Today a friend from work came by with a rear engine snapper mower. 
He asked me if I wanted it. As soon as I saw the mower of course I said yes. Had the bagger attachment with it and about 8 different blades.

The mower looked great. Been well maintained and garage kept. He said it has never been rained on or hosed off. Said he bought it new 14 years ago. (early 2000)

I then asked why he was parting with it. He then told me the butterfly screw on the throttle shaft broke and went into the engine. The mower slowed down then quit. So he went and bought a new one. This one has the 9 hp B&S pull starter engine. Model 28B702 type 1154-E1.

After he left I rolled it in the shop. Sure enough the engine would barley turn over without really pulling hard on it. I then pulled the carb and verified the screw was there but the head of it was missing. So in my mind I am imagining what terror it has done to the cylinder, head and piston.

I removed the head and was very surprised as what I saw. The head of the screw had never made it into the combustion chamber. Everything there was perfect. Not even a ring groove was present. I then think to myself this is getting better every minute.

Decided to pull the whole engine. Once on the work bench I started to drain the oil. 
What oil?? Got about 2 ounces of oil out of the engine. After ripping the engine apart I removed the cam and lifters. Loosen the rod bolts and the engine would then spin. The piston came out and I inspected the rod to verify what I was thinking. The rod had missing aluminum. It was all on the crank journal. A little emery cloth and the crank checks as good as new.

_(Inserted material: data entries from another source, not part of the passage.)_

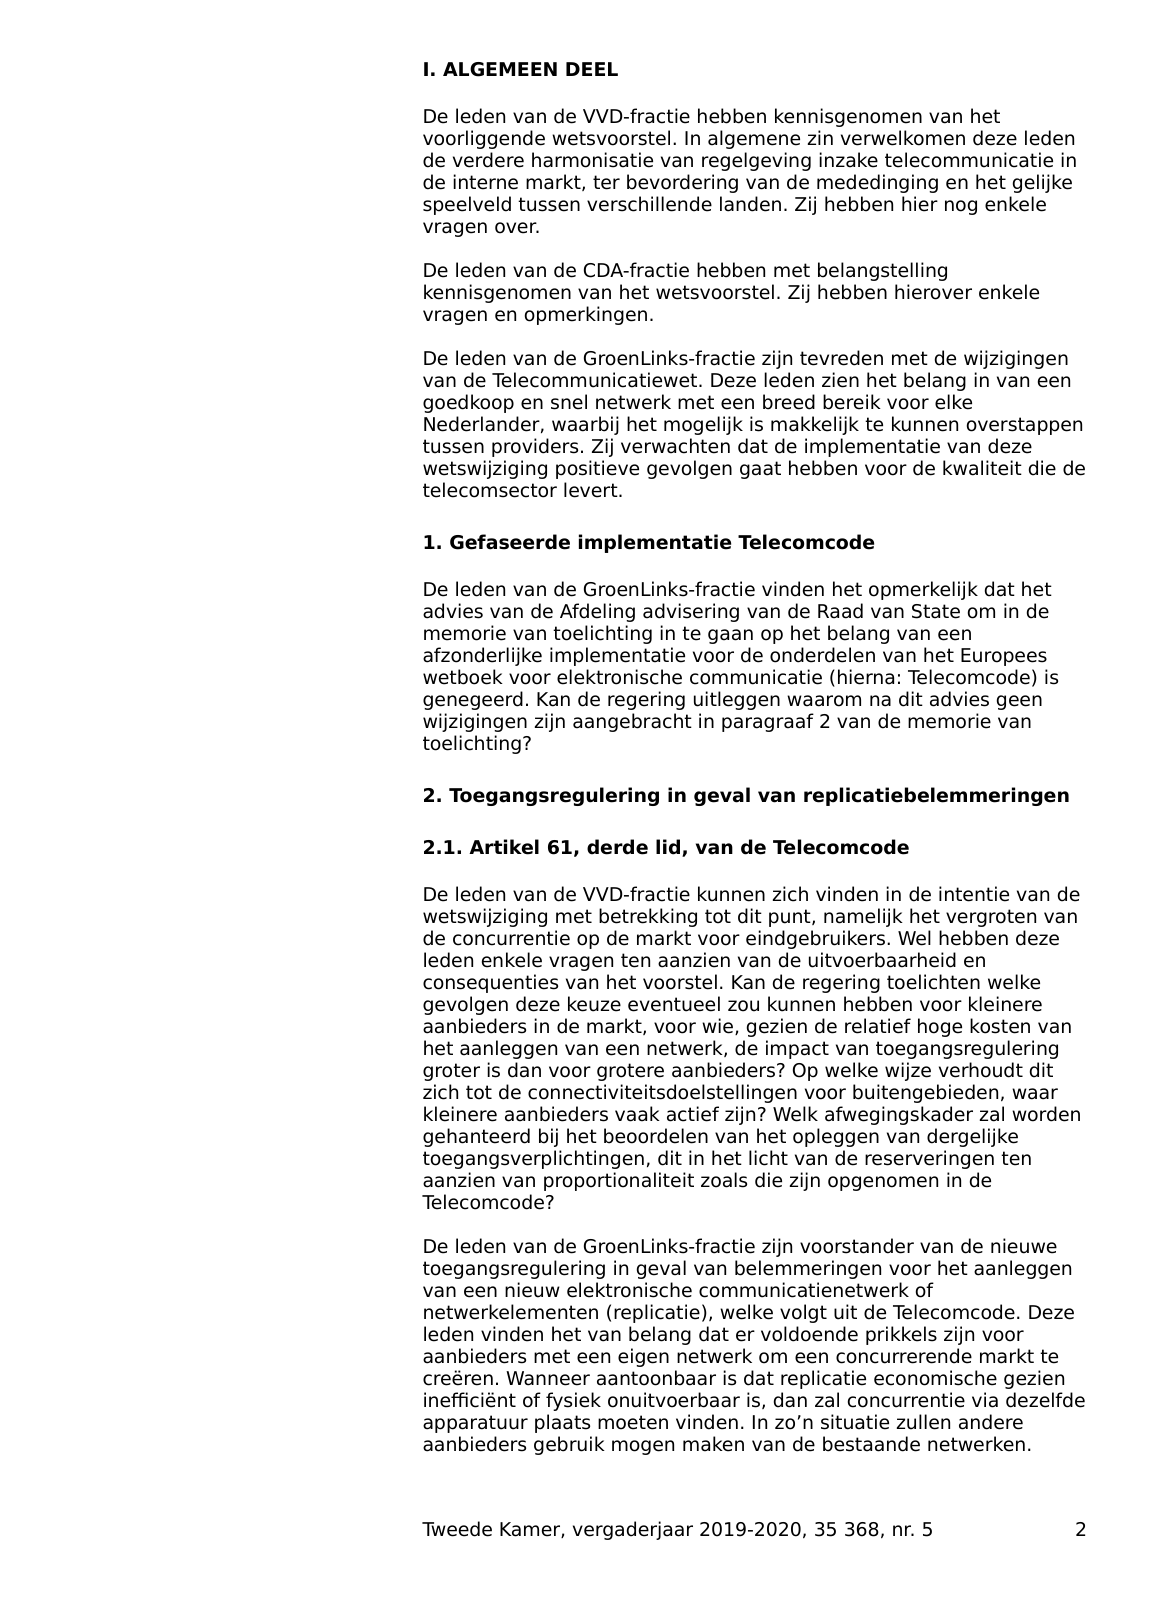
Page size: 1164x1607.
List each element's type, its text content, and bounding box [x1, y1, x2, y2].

subtitle I. ALGEMEEN DEEL [422, 59, 1087, 81]
text De leden van de GroenLinks-fractie zijn voorstander van de nieuwe toegangsregulering in geval van belemmeringen voor het aanleggen van een nieuw elektronische communicatienetwerk of netwerkelementen (replicatie), welke volgt uit de Telecomcode. Deze leden vinden het van belang dat er voldoende prikkels zijn voor aanbieders met een eigen netwerk om een concurrerende markt te creëren. Wanneer aantoonbaar is dat replicatie economische gezien inefficiënt of fysiek onuitvoerbaar is, dan zal concurrentie via dezelfde apparatuur plaats moeten vinden. In zo’n situatie zullen andere aanbieders gebruik mogen maken van de bestaande netwerken. [422, 1236, 1087, 1456]
subtitle 1. Gefaseerde implementatie Telecomcode [422, 532, 1087, 554]
text De leden van de GroenLinks-fractie zijn tevreden met de wijzigingen van de Telecommunicatiewet. Deze leden zien het belang in van een goedkoop en snel netwerk met een breed bereik voor elke Nederlander, waarbij het mogelijk is makkelijk te kunnen overstappen tussen providers. Zij verwachten dat de implementatie van deze wetswijziging positieve gevolgen gaat hebben voor de kwaliteit die de telecomsector levert. [422, 348, 1087, 502]
text De leden van de CDA-fractie hebben met belangstelling kennisgenomen van het wetsvoorstel. Zij hebben hierover enkele vragen en opmerkingen. [422, 260, 1087, 326]
text De leden van de VVD-fractie kunnen zich vinden in de intentie van de wetswijziging met betrekking tot dit punt, namelijk het vergroten van de concurrentie op de markt voor eindgebruikers. Wel hebben deze leden enkele vragen ten aanzien van de uitvoerbaarheid en consequenties van het voorstel. Kan de regering toelichten welke gevolgen deze keuze eventueel zou kunnen hebben voor kleinere aanbieders in de markt, voor wie, gezien de relatief hoge kosten van het aanleggen van een netwerk, de impact van toegangsregulering groter is dan voor grotere aanbieders? Op welke wijze verhoudt dit zich tot de connectiviteitsdoelstellingen voor buitengebieden, waar kleinere aanbieders vaak actief zijn? Welk afwegingskader zal worden gehanteerd bij het beoordelen van het opleggen van dergelijke toegangsverplichtingen, dit in het licht van de reserveringen ten aanzien van proportionaliteit zoals die zijn opgenomen in de Telecomcode? [422, 884, 1087, 1213]
text De leden van de GroenLinks-fractie vinden het opmerkelijk dat het advies van de Afdeling advisering van de Raad van State om in de memorie van toelichting in te gaan op het belang van een afzonderlijke implementatie voor de onderdelen van het Europees wetboek voor elektronische communicatie (hierna: Telecomcode) is genegeerd. Kan de regering uitleggen waarom na dit advies geen wijzigingen zijn aangebracht in paragraaf 2 van de memorie van toelichting? [422, 579, 1087, 755]
subtitle 2. Toegangsregulering in geval van replicatiebelemmeringen [422, 785, 1087, 807]
text De leden van de VVD-fractie hebben kennisgenomen van het voorliggende wetsvoorstel. In algemene zin verwelkomen deze leden de verdere harmonisatie van regelgeving inzake telecommunicatie in de interne markt, ter bevordering van de mededinging en het gelijke speelveld tussen verschillende landen. Zij hebben hier nog enkele vragen over. [422, 106, 1087, 238]
subtitle 2.1. Artikel 61, derde lid, van de Telecomcode [422, 837, 1087, 859]

Went on parts tree and looked up the parts.
Item 131A. (790901) Throttle shaft kit 19.94
Item 358 (494241) Gasket set. 27.73
Item 29 Connecting Rod (494504S) 58.33
Item 26 Rings (499996) 32.20

So for a 125 bucks or so I can make this engine sing again.
I have rebuilt many Briggs engines in my time. Specially since I used to Build and race go-karts. I ran a racing engine shop and was also WKA certified tech man at the local track.

So now decision time. Back stock or rip the 11 hp electric start from my Murray......

Will post a few pics later.


----------